Umm I dont think its any of the above because I opened the paper in the dark (and wouldt that turn the paper all black when developed rather than the effect im getting). And the image is perfectly sharp and prefocused before i go anywhere near the paper, Im thinking I have a dodgy batch of paper. 
Thanks for the help, I will try remixing the developing fluid even though i am pretty sure i got 1+9 pretty exactly.
Sam


----------



## KevinR (May 25, 2005)

Then here is a couple of things:
How long do you feel is your exposure in seconds?
What f-stop do you have the enlarging lens at?
I am assuming you don't have an enlarging timer. If you are leaving the lens wide open at say f3.5 for example, and it is a decent looking negative, where talking about an exposure of less than 3 sec. If you are stepping down to f11, where most lenses are at their sharpest, then exposure whould be, and this is just an estimate, of 30-40 sec.


----------



## PhotoDragon (May 25, 2005)

Are you puting the paper in emulsion side up or emulsion side down? If you are putting it in emulsion side down then the light is passing through the paper before it can get to the emulsion. This will generaly cause the image to be at best blurry, at worst it will give you shades of grey to black. If you have a safe light in your darkroom then you want to look for the writing on the paper which will be on the non-emulsion side and that side goes down on the easel. If you do not have a safe-light then you have to go by feel. The emulsion side will tend to be not as smooth as the non-emulsion side when you run your fingers along the paper.

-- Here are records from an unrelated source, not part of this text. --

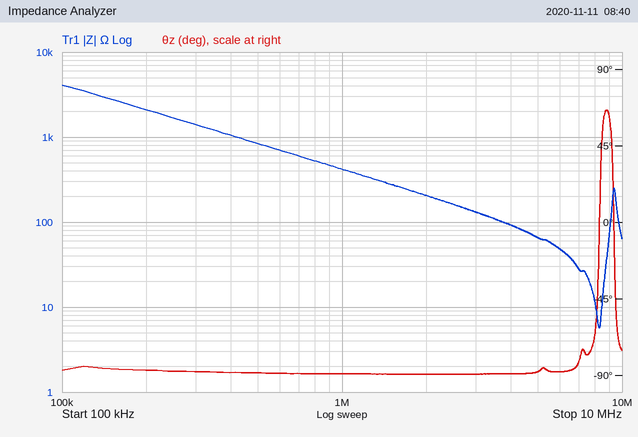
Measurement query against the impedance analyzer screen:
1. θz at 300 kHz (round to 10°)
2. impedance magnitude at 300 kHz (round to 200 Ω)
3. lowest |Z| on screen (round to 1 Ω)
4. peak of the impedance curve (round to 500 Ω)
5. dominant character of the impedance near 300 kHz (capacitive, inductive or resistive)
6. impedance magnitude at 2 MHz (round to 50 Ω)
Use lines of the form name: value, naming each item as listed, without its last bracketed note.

θz at 300 kHz: -90°
impedance magnitude at 300 kHz: 1.4 kΩ
lowest |Z| on screen: 6 Ω
peak of the impedance curve: 4.0 kΩ
dominant character of the impedance near 300 kHz: capacitive
impedance magnitude at 2 MHz: 200 Ω

Another problem could be heat exposure to your paper. You said that you have your darkroom in an attic room. I know attics can get pretty hot if not properly insullated and air conditioned. If your paper has been exposed to high amounts of heat for a period of time then this could cause a problem as well.

Good luck


----------



## ksmattfish (May 25, 2005)

samsdmf said:
			
		

> Im thinking I have a dodgy batch of paper.
> Thanks for the help, I will try remixing the developing fluid even though i am pretty sure i got 1+9 pretty exactly.
> Sam



Even if you got the mix wrong, it should still develop fairly normally.  I would try another pack of paper from a different distributor.  Maybe the one you got sat next to the heater for a few years in the storeroom.


----------